Unlike other steakhouses, which cater to middle-aged douchebags who like to sit on the toilet for four hours after eating, mine is aimed at social 20-to-30-something men who like hitting the clubs. If I find out one of my customers goes home and falls asleep instead of banging a hot slut he met at a bar, I'll never let that person eat at my steakhouses again.

Here at Daily Ramblings, I represent a certain lifestyle, and I know that translates. People want to connect with that lifestyle in different ways. In the past, I've put the Daily Ramblings stamp on shower curtains and furniture, and I have plans to build a Daily Ramblings casino in Las Vegas. The casino will be shaped like a vagina.

The 15 steakhouses I'm building across the nation are the next step in helping people connect with my lifestyle. I wouldn't be surprised if my steakhouse debut was in one of America's trendy hot spots, like New York, Miami, or Chaska, MN.

What will I name these steakhouses? Daily Ramblings Prime.

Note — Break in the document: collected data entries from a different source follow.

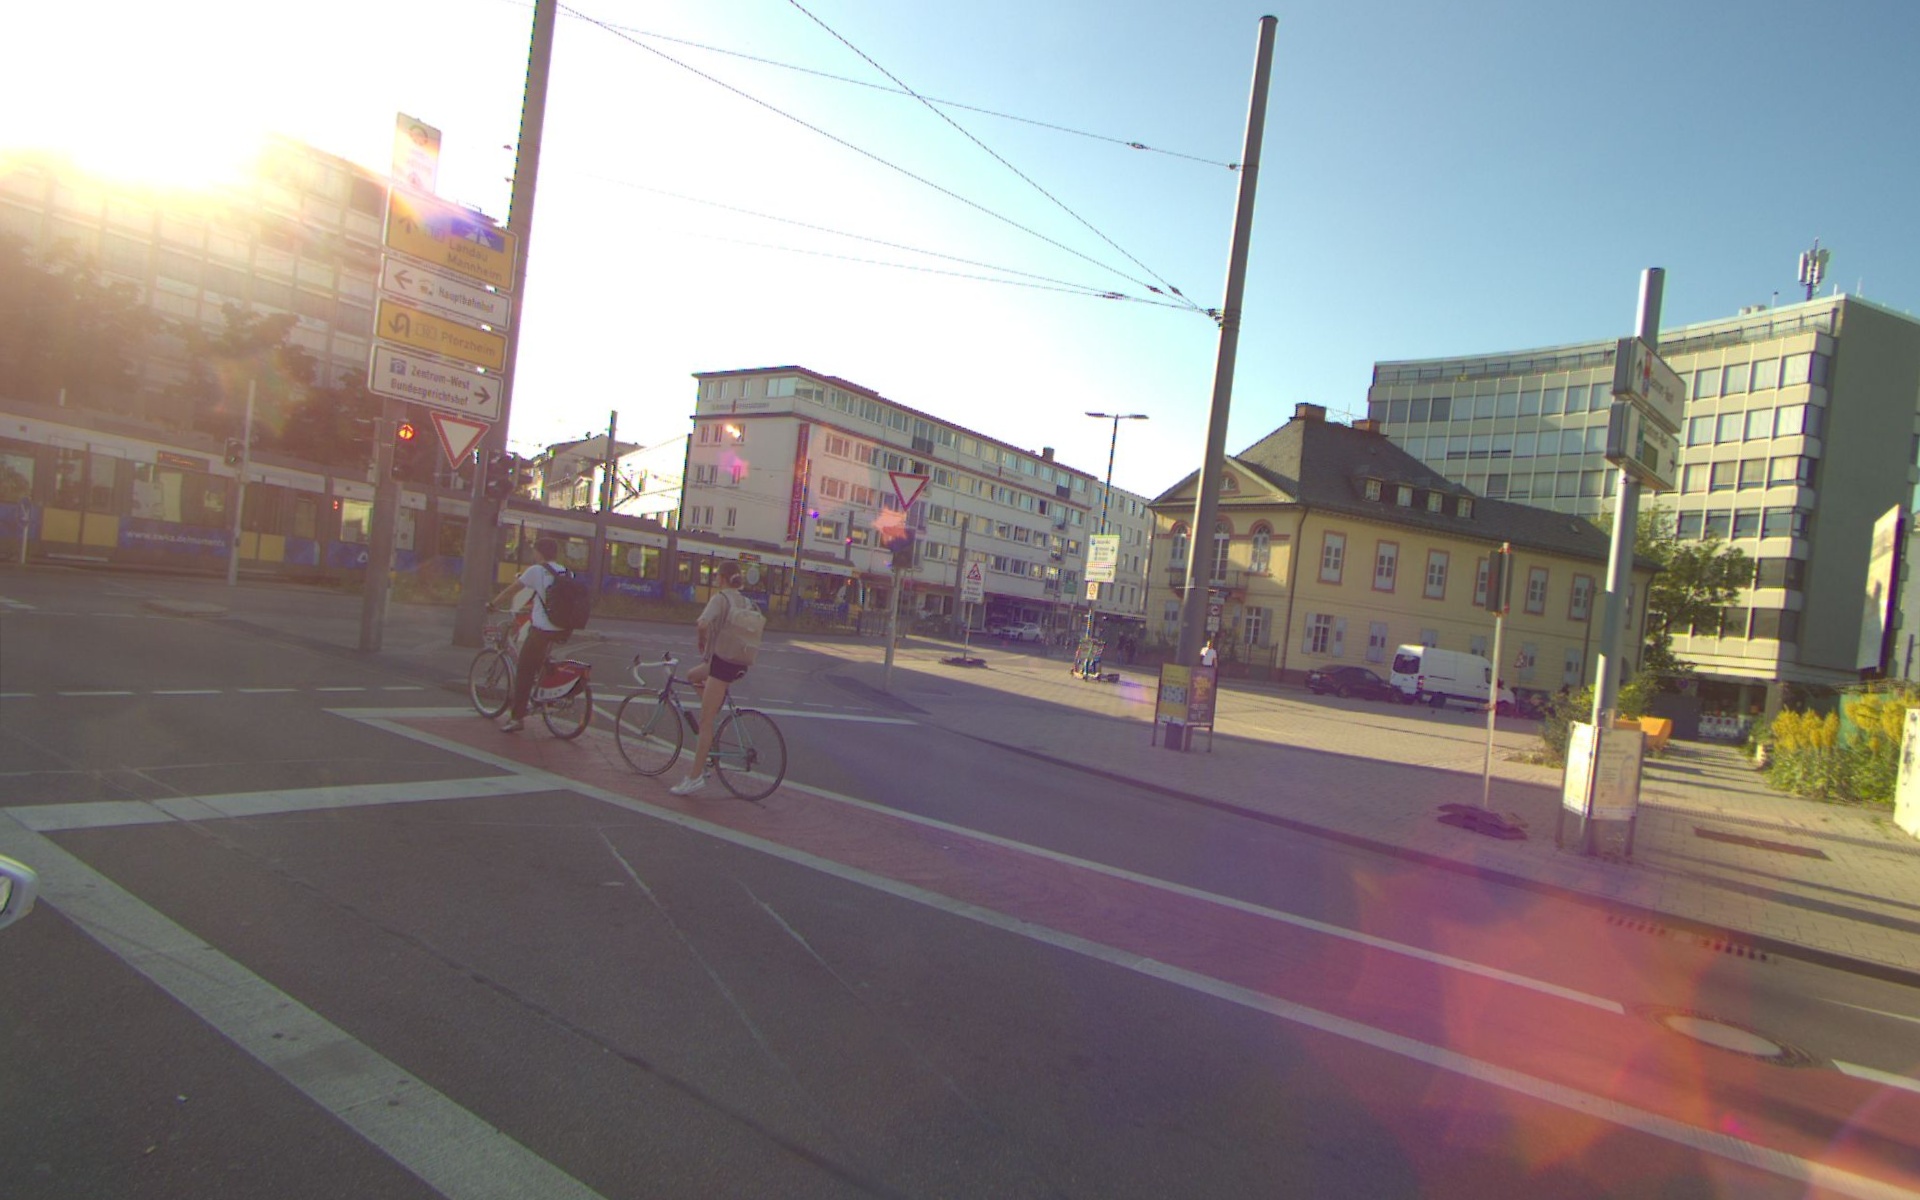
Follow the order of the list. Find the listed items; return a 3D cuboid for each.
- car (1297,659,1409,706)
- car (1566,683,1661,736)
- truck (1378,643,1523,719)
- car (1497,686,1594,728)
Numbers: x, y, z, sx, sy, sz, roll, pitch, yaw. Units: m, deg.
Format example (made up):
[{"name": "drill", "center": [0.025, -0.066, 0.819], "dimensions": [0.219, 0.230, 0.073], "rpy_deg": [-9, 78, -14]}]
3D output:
[{"name": "car", "center": [16.629, 3.493, 42.597], "dimensions": [4.133, 1.380, 1.709], "rpy_deg": [8, -2, -17]}, {"name": "car", "center": [31.159, 5.214, 47.981], "dimensions": [3.706, 2.003, 1.709], "rpy_deg": [8, -2, -17]}, {"name": "truck", "center": [21.840, 3.586, 44.811], "dimensions": [5.556, 2.578, 2.294], "rpy_deg": [8, -2, -17]}, {"name": "car", "center": [27.101, 4.936, 46.593], "dimensions": [3.706, 1.380, 1.709], "rpy_deg": [8, -2, -17]}]

It sounds like a name thought up by someone with a bad hangover who just wanted to go back to his office and sit in the dark for a while, but it's not. It's a great name that took me months of market research to approve. Daily Ramblings Prime. Perhaps it'll make the customers feel a little more prime themselves.

Ha ha. That's a joke. I'm witty.

But don't worry, ladies. These steakhouses are for you as much as the men. I know this website tends to be aimed at men, with all the jokes about farting, beer, and pooping in people's mouths while they're asleep. But rest assured that my steakhouses won't have scantily-clad waitresses. That's low-class. I'm a high-class guy, so while I'll be using the same prejudiced "hot chicks only" requirement for waitresses, they will be fully clothed. That way they'll seem like hot chicks you could actually have a chance of banging.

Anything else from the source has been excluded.